**WHAT IS REQUIRED**
Please retype the data below in full.

[Data records]
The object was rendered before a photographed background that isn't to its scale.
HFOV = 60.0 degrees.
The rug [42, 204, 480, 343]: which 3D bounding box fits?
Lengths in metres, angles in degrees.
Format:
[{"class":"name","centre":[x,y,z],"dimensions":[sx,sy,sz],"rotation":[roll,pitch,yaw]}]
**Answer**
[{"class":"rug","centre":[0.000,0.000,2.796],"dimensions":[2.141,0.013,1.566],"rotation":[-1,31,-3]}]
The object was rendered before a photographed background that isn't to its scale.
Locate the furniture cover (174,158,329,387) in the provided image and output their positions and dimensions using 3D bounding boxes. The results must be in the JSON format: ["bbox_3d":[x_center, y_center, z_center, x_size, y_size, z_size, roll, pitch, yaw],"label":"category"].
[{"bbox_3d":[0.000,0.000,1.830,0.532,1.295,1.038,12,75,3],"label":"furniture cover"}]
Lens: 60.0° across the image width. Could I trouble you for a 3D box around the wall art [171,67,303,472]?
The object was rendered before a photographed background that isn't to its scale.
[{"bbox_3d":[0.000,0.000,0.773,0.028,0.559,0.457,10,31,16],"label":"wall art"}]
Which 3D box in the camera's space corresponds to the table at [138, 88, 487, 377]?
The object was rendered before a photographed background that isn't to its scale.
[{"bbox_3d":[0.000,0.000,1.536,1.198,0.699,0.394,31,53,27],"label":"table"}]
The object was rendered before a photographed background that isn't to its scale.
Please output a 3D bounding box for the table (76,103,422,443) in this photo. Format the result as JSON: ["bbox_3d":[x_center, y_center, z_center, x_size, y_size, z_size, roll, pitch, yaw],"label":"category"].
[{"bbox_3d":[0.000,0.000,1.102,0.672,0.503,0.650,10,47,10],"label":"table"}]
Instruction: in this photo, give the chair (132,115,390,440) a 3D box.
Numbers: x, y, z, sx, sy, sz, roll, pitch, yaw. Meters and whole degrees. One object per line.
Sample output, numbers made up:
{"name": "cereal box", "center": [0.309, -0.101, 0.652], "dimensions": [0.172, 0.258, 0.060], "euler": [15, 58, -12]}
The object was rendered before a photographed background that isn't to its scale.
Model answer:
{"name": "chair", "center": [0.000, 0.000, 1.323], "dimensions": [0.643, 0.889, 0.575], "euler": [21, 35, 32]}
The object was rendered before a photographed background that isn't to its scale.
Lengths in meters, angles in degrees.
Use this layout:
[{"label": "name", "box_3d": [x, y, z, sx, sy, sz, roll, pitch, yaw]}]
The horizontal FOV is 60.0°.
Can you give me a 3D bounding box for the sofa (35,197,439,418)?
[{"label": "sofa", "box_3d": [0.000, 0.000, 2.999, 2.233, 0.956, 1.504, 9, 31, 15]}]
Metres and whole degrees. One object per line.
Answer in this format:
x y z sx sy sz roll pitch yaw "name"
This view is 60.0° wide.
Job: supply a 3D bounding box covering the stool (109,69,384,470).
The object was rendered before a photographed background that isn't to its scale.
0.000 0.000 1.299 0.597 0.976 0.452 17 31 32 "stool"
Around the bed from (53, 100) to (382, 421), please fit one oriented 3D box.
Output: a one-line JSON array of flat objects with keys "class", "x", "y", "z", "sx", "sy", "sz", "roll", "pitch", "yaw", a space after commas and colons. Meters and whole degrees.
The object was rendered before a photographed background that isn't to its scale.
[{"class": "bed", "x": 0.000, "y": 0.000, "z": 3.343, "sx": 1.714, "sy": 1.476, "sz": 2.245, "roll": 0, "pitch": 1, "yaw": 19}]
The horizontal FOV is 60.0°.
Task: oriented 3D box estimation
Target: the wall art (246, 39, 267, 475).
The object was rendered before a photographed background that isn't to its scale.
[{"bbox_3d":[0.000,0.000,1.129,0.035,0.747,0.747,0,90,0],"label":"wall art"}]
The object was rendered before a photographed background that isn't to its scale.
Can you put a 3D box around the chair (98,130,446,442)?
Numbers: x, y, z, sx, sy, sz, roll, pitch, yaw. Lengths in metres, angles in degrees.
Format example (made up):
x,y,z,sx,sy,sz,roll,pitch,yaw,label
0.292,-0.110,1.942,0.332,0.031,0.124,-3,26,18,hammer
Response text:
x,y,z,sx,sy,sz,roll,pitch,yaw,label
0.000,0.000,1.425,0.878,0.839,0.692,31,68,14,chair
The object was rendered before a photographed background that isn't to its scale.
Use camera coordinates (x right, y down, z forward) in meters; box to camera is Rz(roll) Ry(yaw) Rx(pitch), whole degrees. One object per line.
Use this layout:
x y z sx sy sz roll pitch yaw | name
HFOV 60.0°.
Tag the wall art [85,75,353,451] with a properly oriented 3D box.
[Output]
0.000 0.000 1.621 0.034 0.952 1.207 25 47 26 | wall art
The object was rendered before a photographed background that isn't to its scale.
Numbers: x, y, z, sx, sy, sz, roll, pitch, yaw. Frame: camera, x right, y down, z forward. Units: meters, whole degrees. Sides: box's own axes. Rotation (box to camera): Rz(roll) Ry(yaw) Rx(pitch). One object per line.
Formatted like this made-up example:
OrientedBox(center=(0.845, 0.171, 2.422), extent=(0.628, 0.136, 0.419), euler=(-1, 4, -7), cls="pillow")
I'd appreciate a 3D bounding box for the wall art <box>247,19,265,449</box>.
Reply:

**ANSWER TO THIS TASK**
The object was rendered before a photographed background that isn't to its scale.
HFOV = 60.0 degrees.
The rug [42, 204, 480, 343]: which 3D bounding box fits?
Lengths in metres, angles in degrees.
Format:
[{"class":"name","centre":[x,y,z],"dimensions":[sx,sy,sz],"rotation":[roll,pitch,yaw]}]
**Answer**
[{"class":"rug","centre":[0.000,0.000,2.796],"dimensions":[2.141,0.013,1.566],"rotation":[-1,31,-3]}]
The object was rendered before a photographed background that isn't to its scale.
Locate the furniture cover (174,158,329,387) in the provided image and output their positions and dimensions using 3D bounding boxes. The results must be in the JSON format: ["bbox_3d":[x_center, y_center, z_center, x_size, y_size, z_size, roll, pitch, yaw],"label":"category"].
[{"bbox_3d":[0.000,0.000,1.830,0.532,1.295,1.038,12,75,3],"label":"furniture cover"}]
Lens: 60.0° across the image width. Could I trouble you for a 3D box around the wall art [171,67,303,472]?
The object was rendered before a photographed background that isn't to its scale.
[{"bbox_3d":[0.000,0.000,0.773,0.028,0.559,0.457,10,31,16],"label":"wall art"}]
Which 3D box in the camera's space corresponds to the table at [138, 88, 487, 377]?
The object was rendered before a photographed background that isn't to its scale.
[{"bbox_3d":[0.000,0.000,1.536,1.198,0.699,0.394,31,53,27],"label":"table"}]
The object was rendered before a photographed background that isn't to its scale.
Please output a 3D bounding box for the table (76,103,422,443) in this photo. Format the result as JSON: ["bbox_3d":[x_center, y_center, z_center, x_size, y_size, z_size, roll, pitch, yaw],"label":"category"].
[{"bbox_3d":[0.000,0.000,1.102,0.672,0.503,0.650,10,47,10],"label":"table"}]
Instruction: in this photo, give the chair (132,115,390,440) a 3D box.
Numbers: x, y, z, sx, sy, sz, roll, pitch, yaw. Meters and whole degrees. One object per line.
Sample output, numbers made up:
{"name": "cereal box", "center": [0.309, -0.101, 0.652], "dimensions": [0.172, 0.258, 0.060], "euler": [15, 58, -12]}
The object was rendered before a photographed background that isn't to its scale.
Model answer:
{"name": "chair", "center": [0.000, 0.000, 1.323], "dimensions": [0.643, 0.889, 0.575], "euler": [21, 35, 32]}
The object was rendered before a photographed background that isn't to its scale.
Lengths in meters, angles in degrees.
Use this layout:
[{"label": "name", "box_3d": [x, y, z, sx, sy, sz, roll, pitch, yaw]}]
The horizontal FOV is 60.0°.
Can you give me a 3D bounding box for the sofa (35,197,439,418)?
[{"label": "sofa", "box_3d": [0.000, 0.000, 2.999, 2.233, 0.956, 1.504, 9, 31, 15]}]
Metres and whole degrees. One object per line.
Answer in this format:
x y z sx sy sz roll pitch yaw "name"
This view is 60.0° wide.
Job: supply a 3D bounding box covering the stool (109,69,384,470).
The object was rendered before a photographed background that isn't to its scale.
0.000 0.000 1.299 0.597 0.976 0.452 17 31 32 "stool"
Around the bed from (53, 100) to (382, 421), please fit one oriented 3D box.
Output: a one-line JSON array of flat objects with keys "class", "x", "y", "z", "sx", "sy", "sz", "roll", "pitch", "yaw", a space after commas and colons. Meters and whole degrees.
The object was rendered before a photographed background that isn't to its scale.
[{"class": "bed", "x": 0.000, "y": 0.000, "z": 3.343, "sx": 1.714, "sy": 1.476, "sz": 2.245, "roll": 0, "pitch": 1, "yaw": 19}]
The horizontal FOV is 60.0°.
Task: oriented 3D box estimation
Target: the wall art (246, 39, 267, 475).
The object was rendered before a photographed background that isn't to its scale.
[{"bbox_3d":[0.000,0.000,1.129,0.035,0.747,0.747,0,90,0],"label":"wall art"}]
The object was rendered before a photographed background that isn't to its scale.
Can you put a 3D box around the chair (98,130,446,442)?
Numbers: x, y, z, sx, sy, sz, roll, pitch, yaw. Lengths in metres, angles in degrees.
Format example (made up):
x,y,z,sx,sy,sz,roll,pitch,yaw,label
0.292,-0.110,1.942,0.332,0.031,0.124,-3,26,18,hammer
Response text:
x,y,z,sx,sy,sz,roll,pitch,yaw,label
0.000,0.000,1.425,0.878,0.839,0.692,31,68,14,chair
The object was rendered before a photographed background that isn't to its scale.
Use camera coordinates (x right, y down, z forward) in meters; box to camera is Rz(roll) Ry(yaw) Rx(pitch), whole degrees. One object per line.
Use this layout:
x y z sx sy sz roll pitch yaw | name
HFOV 60.0°.
Tag the wall art [85,75,353,451] with a properly oriented 3D box.
[Output]
0.000 0.000 1.621 0.034 0.952 1.207 25 47 26 | wall art
The object was rendered before a photographed background that isn't to its scale.
Numbers: x, y, z, sx, sy, sz, roll, pitch, yaw. Frame: camera, x right, y down, z forward. Units: meters, whole degrees. Sides: box's own axes. Rotation (box to camera): Rz(roll) Ry(yaw) Rx(pitch). One object per line.
Formatted like this made-up example:
OrientedBox(center=(0.845, 0.171, 2.422), extent=(0.628, 0.136, 0.419), euler=(-1, 4, -7), cls="pillow")
I'd appreciate a 3D bounding box for the wall art <box>247,19,265,449</box>.
Reply:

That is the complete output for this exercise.